Europe in Winter (The Fractured Europe Sequence)(9)



“Is this some kind of joke?” Rudi glanced around the restaurant, hoping to spot a couple of hidden cameras and a group of friends waiting to spring a late birthday surprise.

“I suppose the easiest way to start is to say that this is like The Matrix. Do you have The Matrix here?” He saw the look of incomprehension on Rudi’s face and shook his head. “Keanu Reeves? Laurence Fishburne?” He blinked. “How can there be a world without Laurence Fishburne?”

Rudi stood up. “I’m going to call the police,” he said. “I’ll give you two minutes’ head start, but I’m going to call the police.”
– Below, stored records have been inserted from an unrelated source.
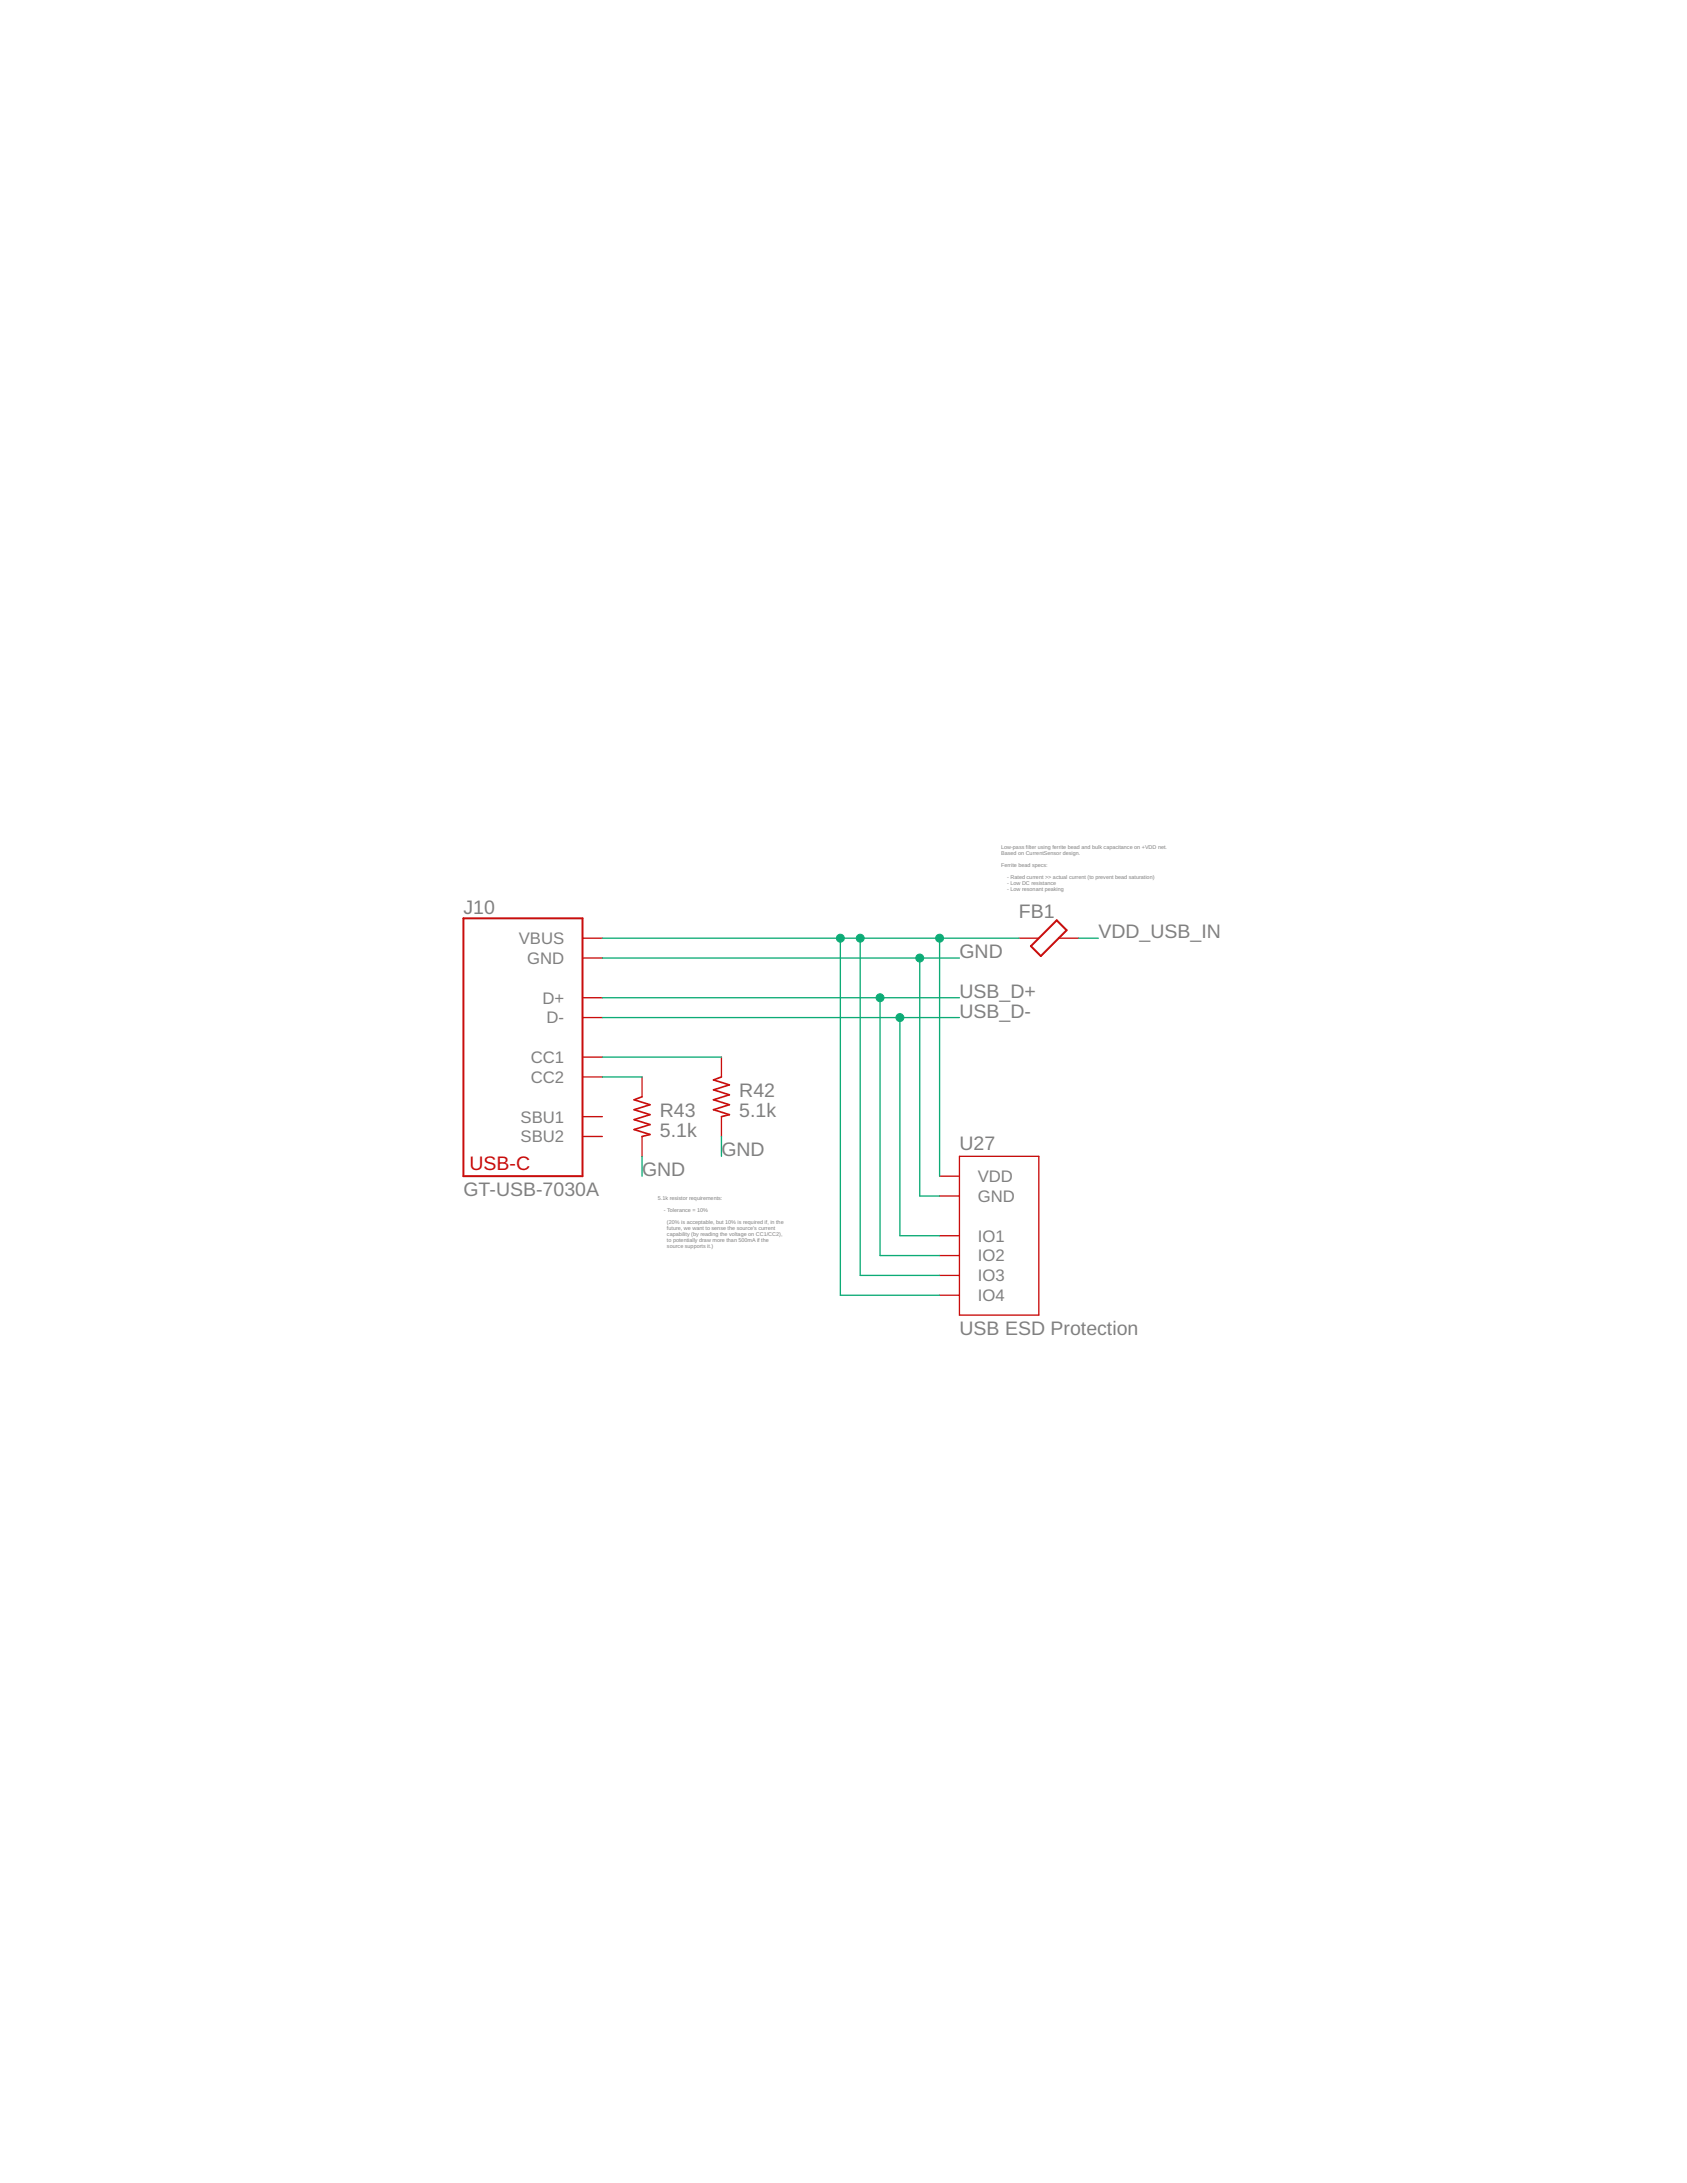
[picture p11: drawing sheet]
<svg xmlns="http://www.w3.org/2000/svg" width="216mm" height="279mm" viewBox="0 0 216 279" stroke-linecap="round" stroke-linejoin="round" font-family="sans-serif">
<defs><g id="words">
<g font-size="2.5" fill="#808080">
<text x="59.3" y="117">J10</text>
<text x="130.4" y="117.5">FB1</text>
<text x="122.8" y="122.6">GND</text>
<text x="140.6" y="120.1">VDD_USB_IN</text>
<text x="122.8" y="127.7">USB_D+</text>
<text x="122.8" y="130.2">USB_D-</text>
<text x="84.5" y="142.9">R43</text>
<text x="94.6" y="142.9">5.1k</text>
<text x="94.6" y="140.4">R42</text>
<text x="84.5" y="145.5">5.1k</text>
<text x="92.3" y="148">GND</text>
<text x="122.8" y="147.2">U27</text>
<text x="59.3" y="153.1">GT-USB-7030A</text>
<text x="82.2" y="150.5">GND</text>
<text x="122.8" y="170.8">USB ESD Protection</text>
</g>
<text font-size="2.5" fill="#c90d0c" x="60.1" y="149.8">USB-C</text>
<g font-size="2.1" fill="#808080">
<text x="66.4" y="120.8">VBUS</text>
<text x="67.5" y="123.4">GND</text>
<text x="69.4" y="128.5">D+</text>
<text x="69.9" y="131">D-</text>
<text x="67.9" y="136.1">CC1</text>
<text x="66.6" y="143.7">SBU1</text>
<text x="67.9" y="138.6">CC2</text>
<text x="66.6" y="146.2">SBU2</text>
<text x="125.1" y="153.8">GND</text>
<text x="125.1" y="151.3">VDD</text>
<text x="125.1" y="161.5">IO2</text>
<text x="125.1" y="158.9">IO1</text>
<text x="125.1" y="164">IO3</text>
<text x="125.1" y="166.5">IO4</text>
</g>
<g font-size=".7" fill="#808080">
<text x="128.1" y="108.6">Low-pass filter using ferrite bead and bulk capacitance on +VDD net.</text>
<text x="128.1" y="109.4">Based on CurrentSensor design.</text>
<text x="128.1" y="110.9">Ferrite bead specs:</text>
<text x="128.9" y="112.5">- Rated current &gt;&gt; actual current (to prevent bead saturation)</text>
<text x="128.9" y="113.2">- Low DC resistance</text>
<text x="128.9" y="114">- Low resonant peaking</text>
<text x="84.2" y="153.6">5.1k resistor requirements:</text>
<text x="85" y="155.1">- Tolerance = 10%</text>
<text x="85.4" y="156.6">(20% is acceptable, but 10% is required if, in the</text>
<text x="85.4" y="157.4">future, we want to sense the source's current</text>
<text x="85.4" y="158.2">capability (by reading the voltage on CC1/CC2),</text>
<text x="85.4" y="158.9">to potentially draw more than 500mA if the</text>
<text x="85.4" y="159.7">source supports it.)</text>
</g>
</g></defs>
<path d="M59.3 117.5h15.2v33h-15.2zM131.9 121.1l3.3-3.3 1.3 1.3-3.3 3.3z" fill="none" stroke="#c90d0c" stroke-width=".25"/>
<g fill="none" stroke="#c90d0c" stroke-width=".17">
<path d="M74.5 120.1h2.6M74.5 122.6h2.6M74.5 127.7h2.6M74.5 130.2h2.6M74.5 135.3h2.6M74.5 137.8h2.6M82.2 137.8v2.6M92.3 135.3v2.5M130.4 120.1h2.5M135.5 120.1h2.5M74.5 142.9h2.6M74.5 145.5h2.6"/>
<path d="M82.2 145.5v2.5M92.3 142.9v2.6M120.2 153.1h2.6M120.2 150.5h2.6M120.2 158.2h2.6M122.8 148h10.1v20.3h-10.1zM120.2 160.7h2.6M120.2 163.2h2.6M120.2 165.8h2.6"/>
</g>
<path d="M92.3 137.8l-1 .4 2 .7-2 .6 2 .6-2 .7 2 .6-2 .6 2 .7-1 .2M82.2 140.4l-1 .4 2 .6-2 .6 2 .7-2 .6 2 .6-2 .7 2 .6-1 .3" fill="none" stroke="#c90d0c" stroke-width=".21"/>
<g fill="none" stroke="#0dab76" stroke-width=".17">
<path d="M77.1 122.6h45.7M77.1 127.7h45.7M77.1 130.2h45.7M77.1 120.1h53.3M77.1 135.3h15.2M77.1 137.8h5.1M107.5 120.1v45.7h12.7M110.1 120.1v43.1h10.1M112.6 127.7v33h7.6M115.2 130.2v28h5M117.7 122.6v30.5h2.5M120.2 120.1v30.4"/>
<path d="M138 120.1h2.6M82.2 148v2.5M92.3 145.5v2.5"/>
</g>
<g fill="#0dab76" stroke="#0dab76" stroke-width=".13">
<circle cx="117.7" cy="122.6" r=".51"/>
<circle cx="112.6" cy="127.7" r=".51"/>
<circle cx="115.2" cy="130.2" r=".51"/>
<circle cx="120.2" cy="120.1" r=".51"/>
<circle cx="110.1" cy="120.1" r=".51"/>
<circle cx="107.5" cy="120.1" r=".51"/>
</g>
<use href="#words"/>
</svg>

Elder Rudi looked up at him, not at all concerned. “You, and your entire world, are very, very sophisticated computer programs,” he said. He added brightly, “And in fact, so am I.”

Rudi turned for the kitchen. “You’ve had your two minutes’ head start,” he said.

“You’ve got a scar on your arm where you fell over on a paring knife in the Turk’s kitchen,” Elder Rudi called. “How do I know that? Because I have one too. Look.”

Rudi turned back, saw that Elder Rudi had rolled up his sleeve and was showing him a familiar-looking scar. Then Elder Rudi unbuttoned his shirt and exposed another scar that started on his chest and disappeared from view. “Skinheads,” he said. “Warnemünde.” He cocked an eyebrow. “Come and sit down,” he said reasonably. “I don’t mean you any harm. I just have some things to ask you.”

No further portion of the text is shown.